> Data:
──────────────────────────────

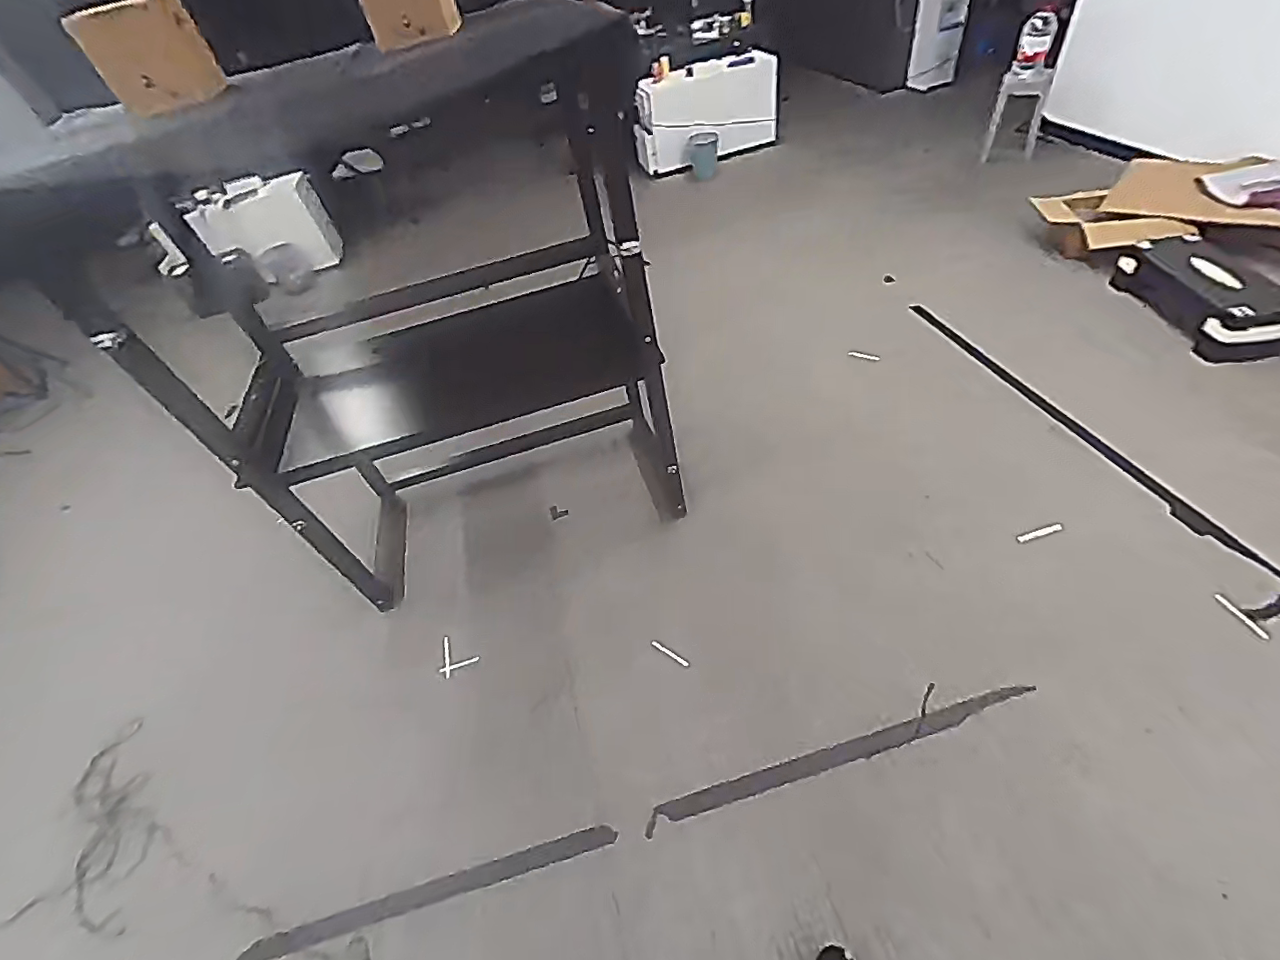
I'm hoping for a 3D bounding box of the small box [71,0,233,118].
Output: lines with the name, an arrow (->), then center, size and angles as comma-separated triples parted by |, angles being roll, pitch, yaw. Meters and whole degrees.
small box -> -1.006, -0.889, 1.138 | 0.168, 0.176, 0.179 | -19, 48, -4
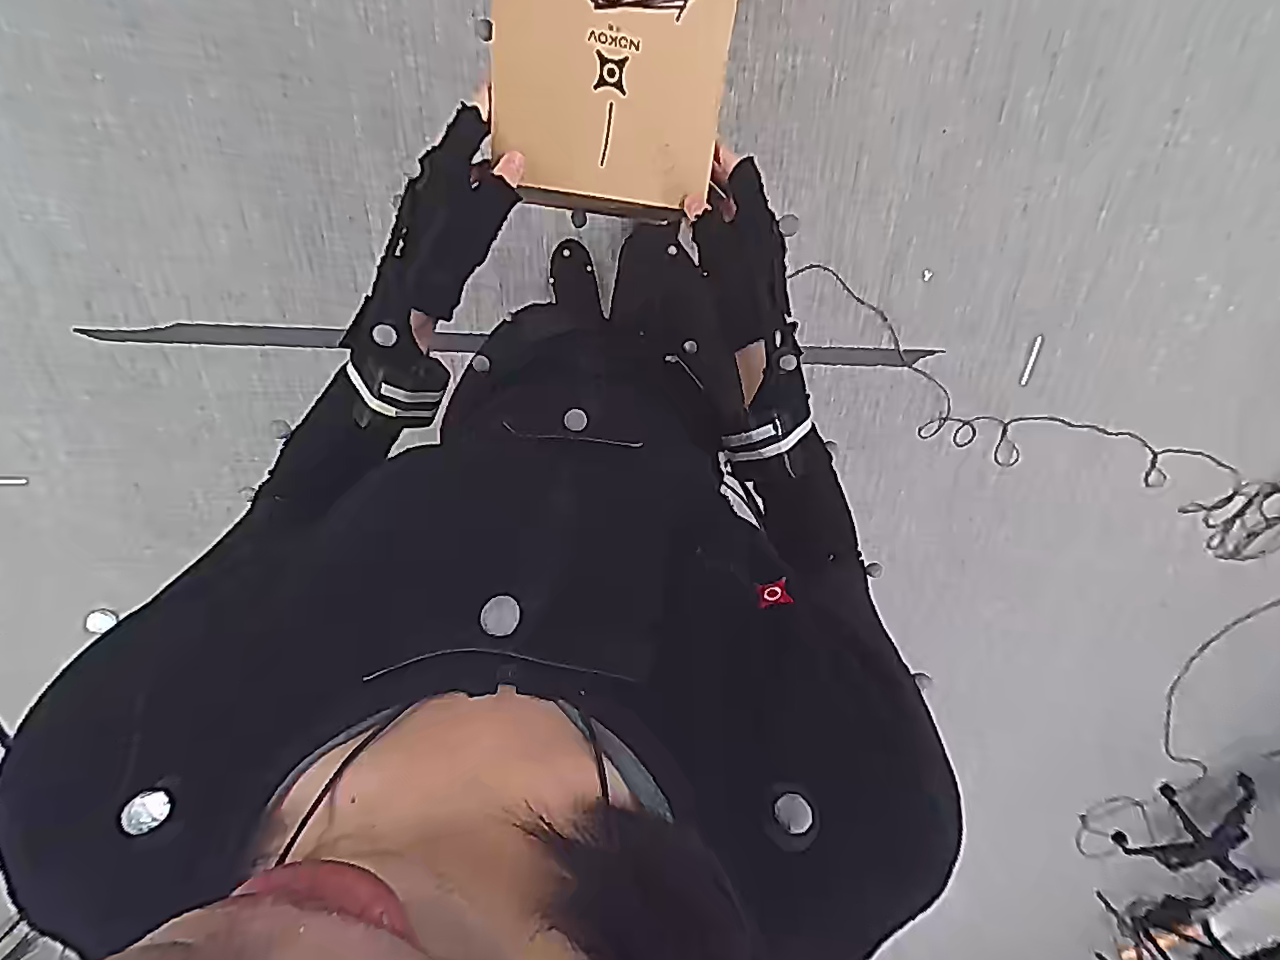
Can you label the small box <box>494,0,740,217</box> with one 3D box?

──────────────────────────────

> Exercise directions:
Where a picture appears, skip it; repeat everything else in the data exactly.

> Answer below:
I'm hoping for a 3D bounding box of the small box [71,0,233,118].
Output: lines with the name, an arrow (->), then center, size and angles as comma-separated triples parted by |, angles being roll, pitch, yaw. Meters and whole degrees.
small box -> -1.006, -0.889, 1.138 | 0.168, 0.176, 0.179 | -19, 48, -4
Can you label the small box <box>494,0,740,217</box> with one 3D box?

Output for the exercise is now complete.